* [TASK DESCRIPTION] The records underneath are to be repeated exactly, with the pictures left out.

● ● ● ● ●

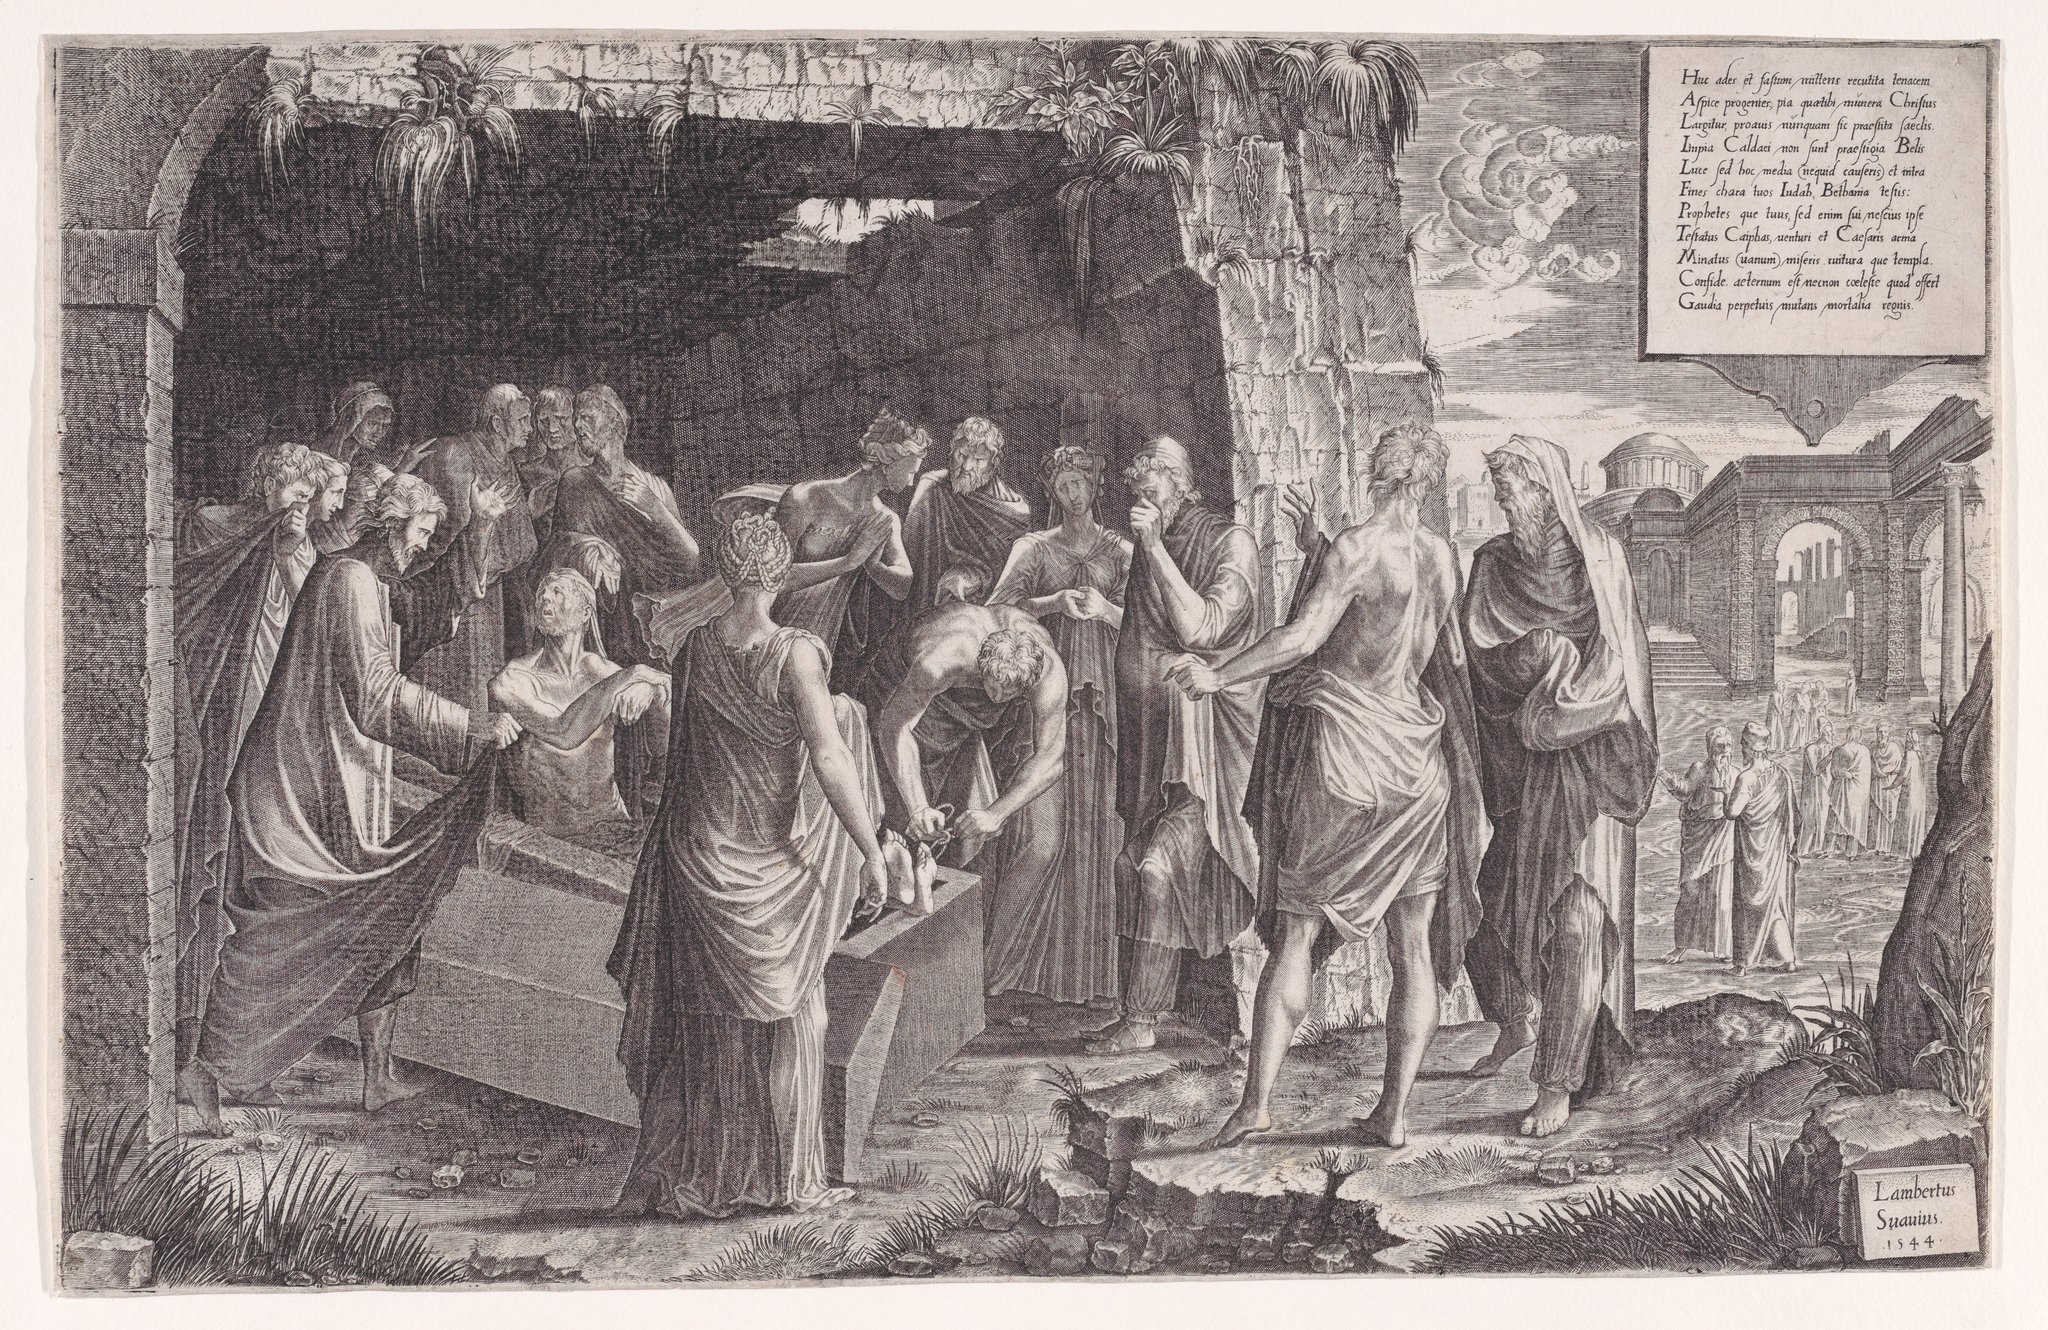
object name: print
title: The Raising of Lazarus
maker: lambert suavius
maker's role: artist
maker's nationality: netherlandish
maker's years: 1510-1576
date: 1544
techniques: engraving
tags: men,women,saints
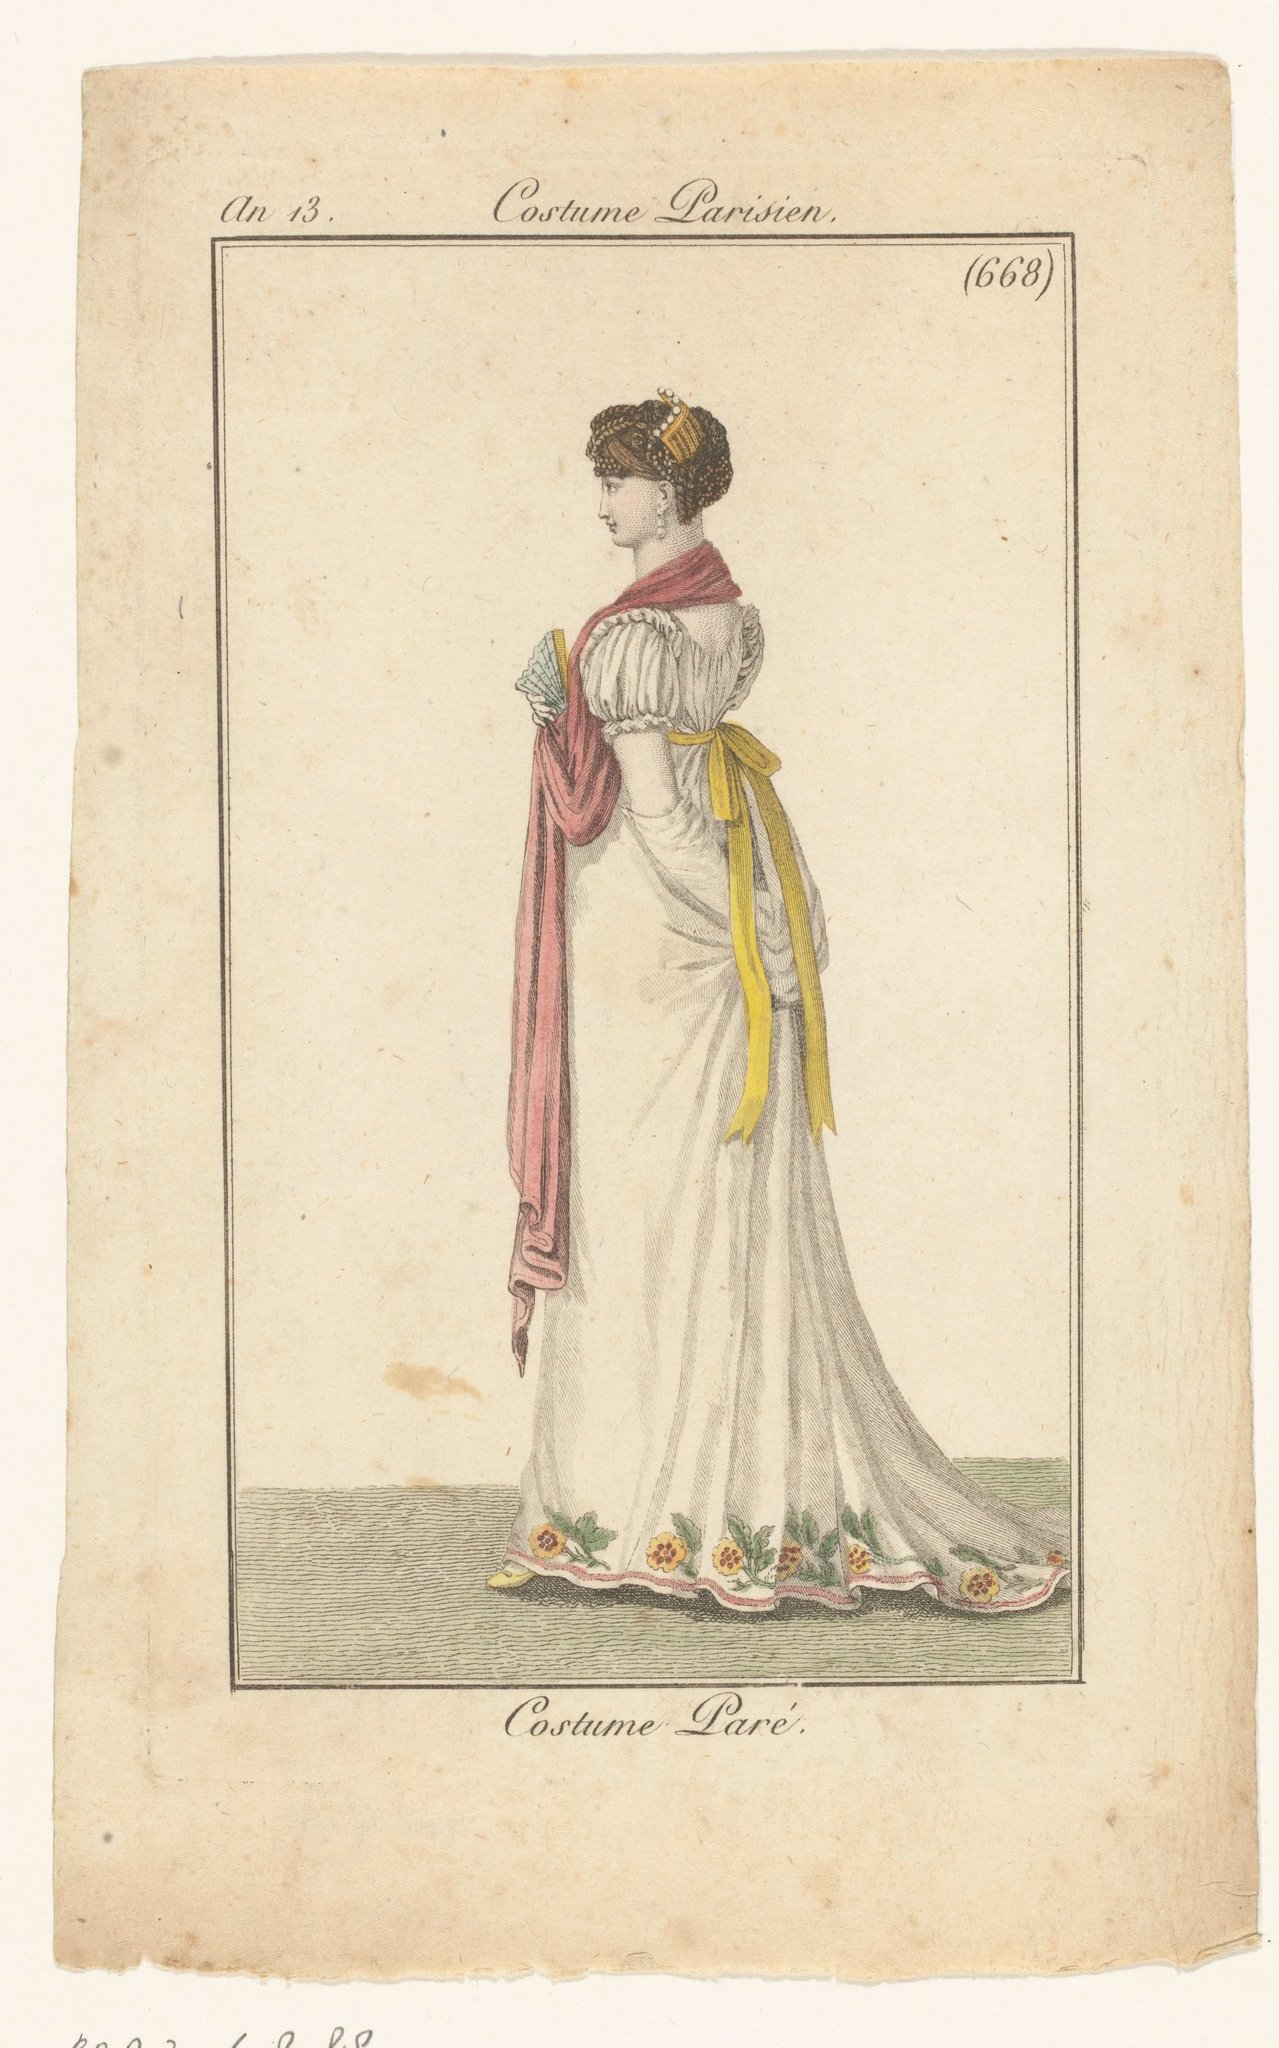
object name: fashion print
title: Journal des Dames et des modes
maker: Anonymous
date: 1804-1805
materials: paper, ink, watercolor
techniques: etching, hand coloring
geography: france
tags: fashion plates
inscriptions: collector's mark: Lugt 2228

● ● ● ● ●

* [OUTPUT FOR THIS EXERCISE]
object name: print
title: The Raising of Lazarus
maker: lambert suavius
maker's role: artist
maker's nationality: netherlandish
maker's years: 1510-1576
date: 1544
techniques: engraving
tags: men,women,saints
object name: fashion print
title: Journal des Dames et des modes
maker: Anonymous
date: 1804-1805
materials: paper, ink, watercolor
techniques: etching, hand coloring
geography: france
tags: fashion plates
inscriptions: collector's mark: Lugt 2228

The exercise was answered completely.